I have two elements "src" and "dest"

"src" and "dest" are in different DOM-nodes, that can not have the same parent.

I need to place "src" element in the same visible position, as "dest".

"src" element must also have the same sizes, as "dest".

I have following code for case, when "src" and "dest" having the same parent:

src.css("position", "absolute");
src.css("top", dest.offset().top);
src.css("left", dest.offset().left);
src.width(dest.width());

// Show "src" element, instead of "dest". "src" must be in the same visible position, as "dest"
dest.css("opacity", 0);
src.show();

Unfortunately, it does not works. "src" element has displacement to bottom and left, for that i cannot find the reason.

Maybe, i do something wrong ...

How to do it right for two cases ?

  1. "src" and "dest" having the same grand-parent
  2. "src" and "dest" does't having the same parent.
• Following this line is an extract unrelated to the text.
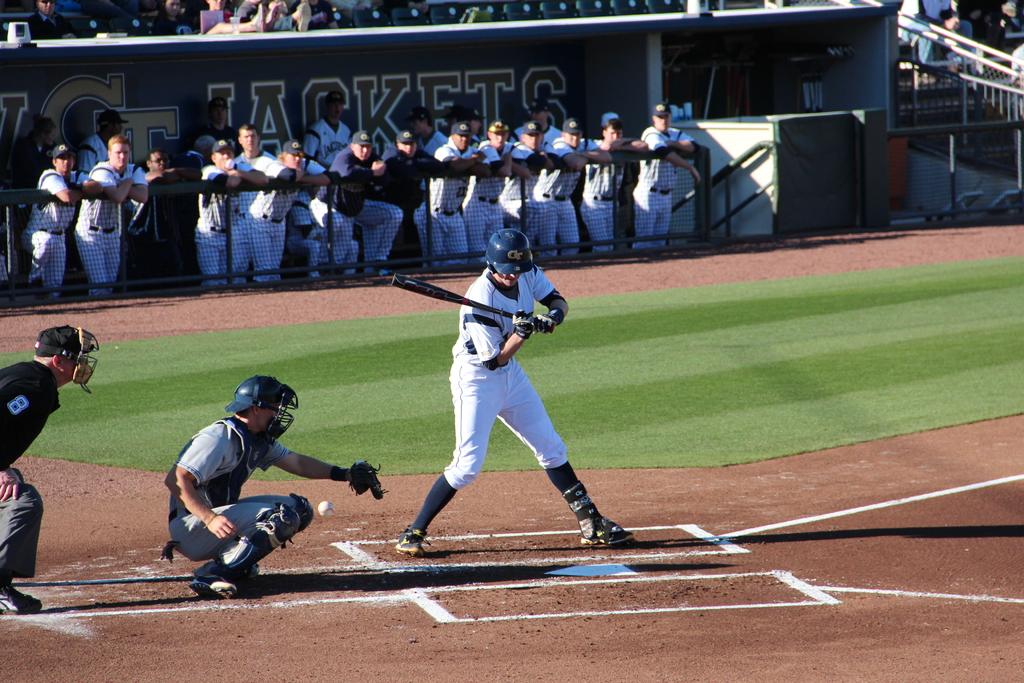What is the team name in the dugout?
Make the answer very short. Jackets. What is the umpire's number?
Your answer should be very brief. 8.

Maybe grand-grand-grand-parent is the common for both.

Update:

I have arranged a simple HMTL document, that does a simple visual swapping of one element with another:

<!DOCTYPE html>
<html xmlns="http://www.w3.org/1999/xhtml">
<head>
    <meta http-equiv="Content-Type" content="text/html; charset=utf-8" />
    <title>MacBlog</title>
    <script type="text/javascript" src="http://code.jquery.com/jquery-1.4.2.min.js" charset="utf-8"></script>
    <style type="text/css" media="screen">
        .dest {
            background-color: #0cf;
            width: 480px;
            height: 320px;
        }
        .src {
            background-color: #09c;
            width: 1024px;
            height: 768px;
        }
    </style>
    <script type="text/javascript" charset="utf-8">
        jQuery(function($){
            // Common items, to deal with
            var src = $(".src");
            var dest = $(".dest");
            // Setup
            src.hi开发者_如何学运维de();
            // Interaction
            dest.click(function(){
                src.width(dest.width());
                src.height(dest.height());
                src.offset(dest.offset());

                dest.hide();
                src.show();
            });

        });
    </script>
</head>
<body>
    <div>
        <!--On clicking, this element should visually be swapped by ".src" element -->
        <div class="dest"><p>dest</p></div>
        <div class="src"><p>src</p></div>
    </div>
</body>
</html>

It does not work correctly. After "swapping", "src" element has a strange displacement to top-left direction on ~30 pixels.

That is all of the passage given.